Tuesday, May 09, 2006

Mr. Clark, I respectfully disagree

Ramsey Clark, former Attorney General of the United States during the Johnson administration, has come out again against the tribunal that is conducting the trial against Saddam Huessein. He says that the court's attempt to protect witnesses have been "absurd" and that the case is in "chaos".

Essentially, he wants the tribunal disbanded and the case transferred to another country. Why?

Mr. Clark has stated that he has been denied access to documents which he maintains are centeral to his client's defense. He also states that his team needs more time to prepare the defense of the former dictator.

However, in this case, Mr. Clark is wrong. Hussein is being charged, primarily, with crimes he committed against his own county and his own citizens. Why should he not be tried by them?

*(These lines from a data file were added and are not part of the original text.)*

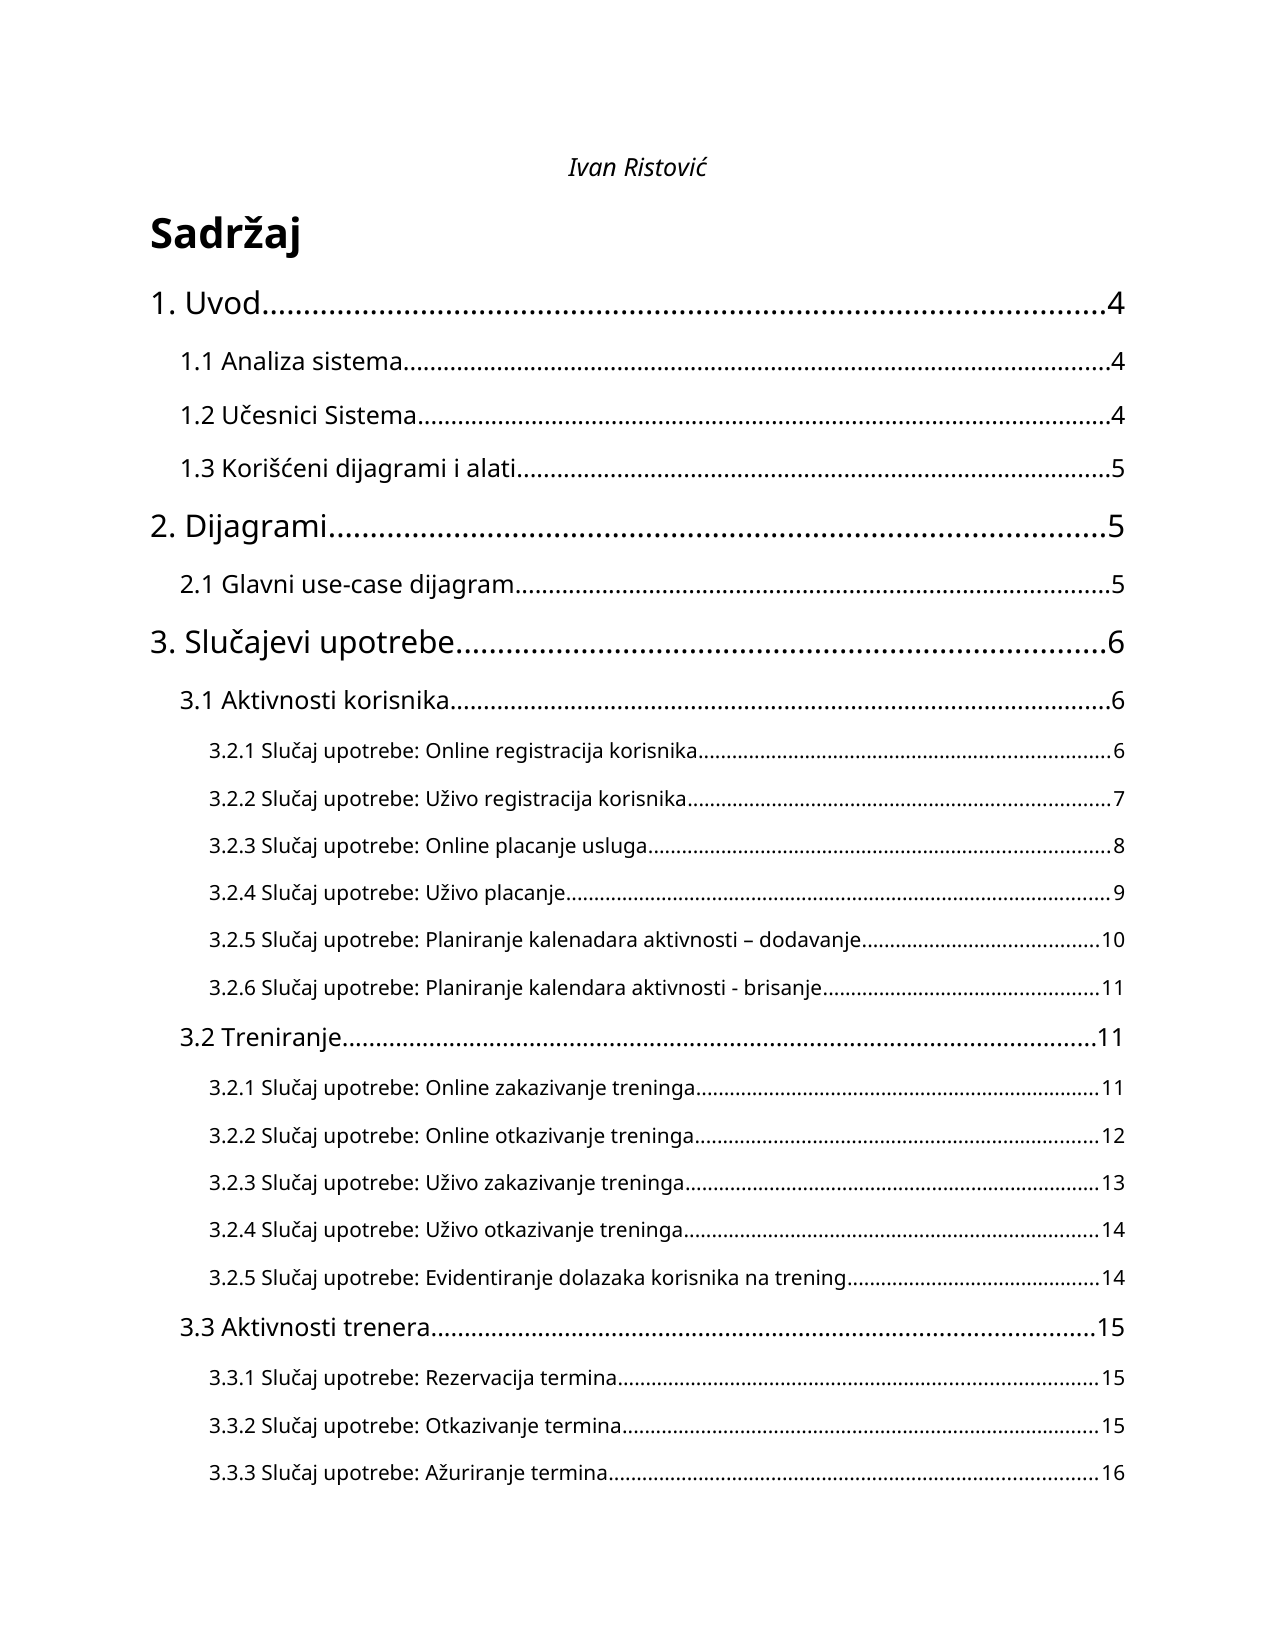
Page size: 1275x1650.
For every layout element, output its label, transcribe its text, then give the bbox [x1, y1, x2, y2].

text 3.2.4 Slučaj upotrebe: Uživo placanje 9 [209, 878, 1125, 907]
text 3.2.6 Slučaj upotrebe: Planiranje kalendara aktivnosti - brisanje 11 [209, 973, 1125, 1001]
text Ivan Ristović [150, 150, 1125, 184]
text 1. Uvod 4 [150, 281, 1125, 324]
text 3.2.2 Slučaj upotrebe: Uživo registracija korisnika 7 [209, 784, 1125, 812]
text 3.3.1 Slučaj upotrebe: Rezervacija termina 15 [209, 1363, 1125, 1392]
text 3.2.2 Slučaj upotrebe: Online otkazivanje treninga 12 [209, 1121, 1125, 1149]
text 3.1 Aktivnosti korisnika 6 [179, 683, 1125, 717]
text 3.2.3 Slučaj upotrebe: Online placanje usluga 8 [209, 831, 1125, 859]
text 3.2 Treniranje 11 [179, 1020, 1125, 1054]
text 3.3 Aktivnosti trenera 15 [179, 1310, 1125, 1344]
text 3.2.1 Slučaj upotrebe: Online zakazivanje treninga 11 [209, 1073, 1125, 1102]
text 1.2 Učesnici Sistema 4 [179, 397, 1125, 431]
text 3.2.5 Slučaj upotrebe: Evidentiranje dolazaka korisnika na trening 14 [209, 1263, 1125, 1291]
text 3.2.1 Slučaj upotrebe: Online registracija korisnika 6 [209, 736, 1125, 765]
text 2. Dijagrami 5 [150, 504, 1125, 547]
text 3.2.4 Slučaj upotrebe: Uživo otkazivanje treninga 14 [209, 1215, 1125, 1244]
text 3.3.3 Slučaj upotrebe: Ažuriranje termina 16 [209, 1458, 1125, 1486]
text Sadržaj [150, 203, 1125, 260]
text 2.1 Glavni use-case dijagram 5 [179, 567, 1125, 601]
text 3.3.2 Slučaj upotrebe: Otkazivanje termina 15 [209, 1411, 1125, 1439]
text 1.3 Korišćeni dijagrami i alati 5 [179, 451, 1125, 485]
text 3. Slučajevi upotrebe 6 [150, 620, 1125, 663]
text 3.2.3 Slučaj upotrebe: Uživo zakazivanje treninga 13 [209, 1168, 1125, 1197]
text 3.2.5 Slučaj upotrebe: Planiranje kalenadara aktivnosti – dodavanje 10 [209, 926, 1125, 954]
text 1.1 Analiza sistema 4 [179, 344, 1125, 378]

An argument could be made that there is not a person there who could be what is known in the United States as an "impartial jurror".

At the same time, the litany of reasons to try him in Iraq by Iraqis is stronger. The crimes he is being accused of happened in Iraq. The witnesses to the crimes are in Iraq. A procedure is in place that would seem to give him more rights that we are affording "enemy combatants" at Guantanamo. More importantly, Iraqis need to see that they can deal in justice and not simply revenge. Finally, if we are to say that Iraq is not being colonized by the United States, then we must allow them to administer their own laws.

For some differing view points about the trial there are pro-tribunal editorials here and anti-tribunal editorials here.

Mr. Ramsey wants the trial moved for one reason: his client is guilty. He wants to stave off the day of decision, whether it come from a judges' tribunal or a jury of impartial jurrors as long as possible. Perhaps he has the hope that he mire the process down to the extent that The Hague allowed to happen during the trial of Milosevic.

Is the Iraqi Special Tribunal perfect? No. Trials are messy things and perfection is sought but rarely ever attained in them. However, it is also seems that it is not a kangaroo court, instead a serious attempt to afford due process to a person who failed to give that to his own people.